Now, we need to edit our submit file to properly handle these new arguments and output files.
This is saved as tutorial02.submit
$ cat tutorial02.submit
# We need the job to run our executable script, with the
# input.txt filename as an argument, and to transfer the
# relevant input and output files:
executable = short_transfer.sh
arguments = input.txt
transfer_input_files = input.txt
transfer_output_files = output.txt
error = job2.error
output = job2.output
log = job2.log
# The below are good base requirements for first testing jobs on OSG,
# if you don't have a good idea of memory and disk usage.
request_cpus = 1
request_memory = 1 GB
request_disk = 1 GB
# Queue one job with the above specifications.
queue 1
Notice the added arguments = input.txt
information. The arguments
option specifies what arguments should be passed to the executable.
The transfer_input_files
and transfer_output_files
options need to be included as well. When jobs are deployed on the Open Science Grid, they are sent only with files that are specified. Additionally, only the specified output files are returned with the job. Any output not transferred back, with the exception of our error
, output
, and log
files, are discarded at the end of the job.
Submit the new submit file using condor_submit
. Be sure to check your output files once the job completes.
$ condor_submit tutorial02.submit
Submitting job(s).
1 job(s) submitted to cluster 1444781.
Check the job again with condor_q
. When the job completes check the ouptut.txt
as well as job2.output
. Does the job2.output have the expected output?
What do we need to do to submit several jobs simultaneously? In the
first example, Condor returned three files: out, error, and log. If we
want to submit several jobs, we need to track these three files for each
job. An easy way to do this is to add the $(Cluster)
and $(Process)
macros to the HTCondor submit file. Since this can make our working
directory really messy with a large number of jobs, let's tell HTCondor
to put the files in a directory called log. Here's what the third submit file looks like, called tutorial03.submit
:
$ cat tutorial03.submit
# We need the job to run our executable script, arguments and files.
# Also, we'll specify unique filenames for each job by using
# the job's 'cluster' value.
executable = short_transfer.sh
arguments = input.txt
transfer_input_files = input.txt
transfer_output_files = output.txt
error = log/job.$(Cluster).$(Process)error
output = log/job.$(Cluster).$(Process).output
log = log/job.$(Cluster).$(Process).log
request_cpus = 1
request_memory = 1 GB
request_disk = 1 GB
# Let's queue ten jobs with the above specifications
queue 10
Notice how we used $(Cluster)
and $(Process)
in the name of the error and output files.
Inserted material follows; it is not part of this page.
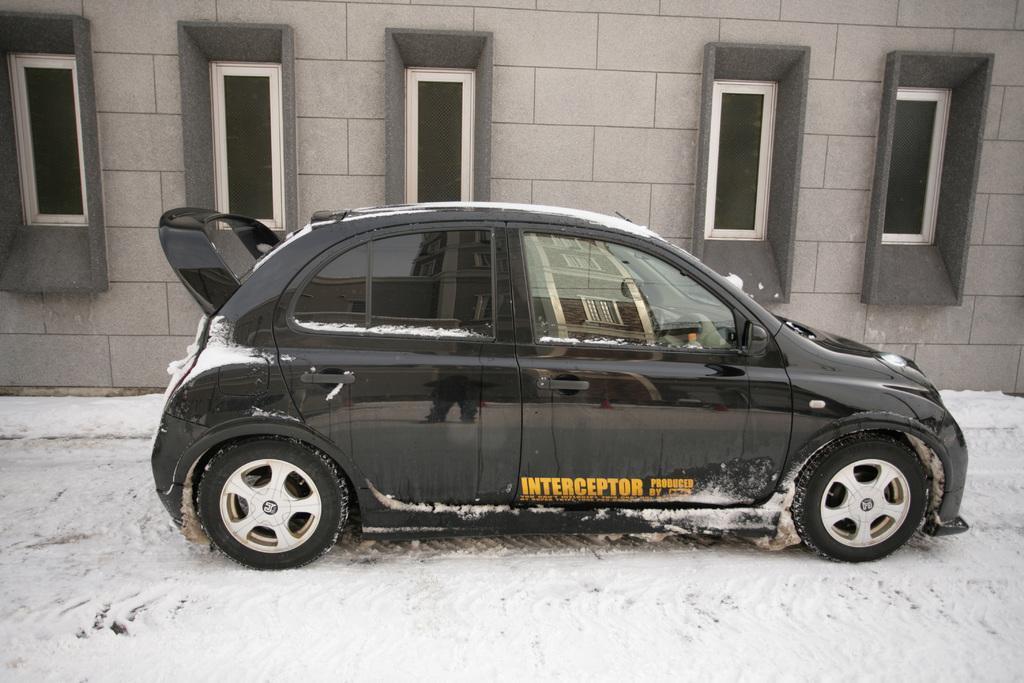How would you summarize this image in a sentence or two? In this image, we can see a black car is placed on the snow. Background we can see a wall, glass windows. On the car, we can see some reflections. There is a building and a person is standing here.

Those variables will be replaced when the job is submitted with the jobid in $(Cluster)
, and $(Process)
will increment.
Also, we changed the last line from queue 1
to queue 10
. This tell HTCondor to submit 10 jobs.
Variable | Behavior | Example |
---|---|---|
Cluster | A single value per condor_submit . |
1059 |
Process | A range of numbers from 0 to however many are specified in the queue statement. |
0, 1, 2, 3, 4… |
Before submitting, we also need to make sure the log directory exists.
$ mkdir -p log
You'll see something like the following upon submission:
$ condor_submit tutorial03.submit
Submitting job(s)..........
10 job(s) submitted to cluster 1444786.
Monitor the progress of the jobs with condor_q
.
Look at the output files in the log directory and notice how each job received its own separate output file:
$ ls ./log
job.1444786.0.error job.1444786.1.error job.1444786.2.error job.1444786.3.error job.1444786.4.error job.1444786.5.error job.1444786.6.error job.1444786.7.error job.1444786.8.error job.1444786.9.error
job.1444786.0.log job.1444786.1.log job.1444786.2.log job.1444786.3.log job.1444786.4.log job.1444786.5.log job.1444786.6.log job.1444786.7.log job.1444786.8.log job.1444786.9.log
job.1444786.0.output job.1444786.1.output job.1444786.2.output job.1444786.3.output job.1444786.4.output job.1444786.5.output job.1444786.6.output job.1444786.7.output job.1444786.8.output job.1444786.9.output
When we start submitting a lot of simultaneous jobs into the queue, it might
be worth looking at where they run. To get that information, we'll use a
couple of condor_history
commands. First, run condor_history -long jobid
for your first job. Again the output is quite long:
$ condor_history -long 1444786
BlockWriteKbytes = 0
BlockReads = 0
DiskUsage_RAW = 36
...
Looking through here for a significant sitename, we can see that the parameter
that we want to know is MATCH_EXP_JOBGLIDEIN_ResourceName
. That's what job slot our job
ran on. With that detail, we can construct a shell command to get
the execution node for each of our 10 jobs, and we can plot the
spread.
$ condor_history -format '%s\n' MATCH_EXP_JOBGLIDEIN_ResourceName 7 | distribution --height=10
Val |Ct (Pct) Histogram
MWT2 |5 (50.00%) +++++++++++++++++++++++++++++++++++++++++++++++++++++++
IIT_CE1 |3 (30.00%) +++++++++++++++++++++++++++++++++
UColorado_HEP|1 (10.00%) +++++++++++
SU-ITS-CE2 |1 (10.00%) +++++++++++
The distribution program reduces a list of hostnames to a set of
hostnames with no duplication (much like sort | uniq -c
), but
additionally plots a distribution histogram on your terminal
window. This is nice for seeing how Condor selected your execution
endpoints.
On occasion, jobs will need to be removed for a variety of reasons
(incorrect parameters, errors in submission, etc.). In these instances,
the condor_rm
command can be used to remove an entire job submission
or just particular jobs in a submission. The condor_rm
command accepts
a cluster id, a job id, or username and will remove an entire cluster
of jobs, a single job, or all the jobs belonging to a given user
respectively. E.g. if a job submission generates 100 jobs and is
assigned a cluster id of 103, then condor_rm 103.0
will remove the
first job in the cluster. Likewise, condor_rm 103
will remove all
the jobs in the job submission and condor_rm [username]
will remove
all jobs belonging to the user. The condor_rm
documenation has more
details on using condor_rm
including ways to remove jobs based on other
constraints.
If a submit file had queue 100
at the end, what would be the range of process numbers?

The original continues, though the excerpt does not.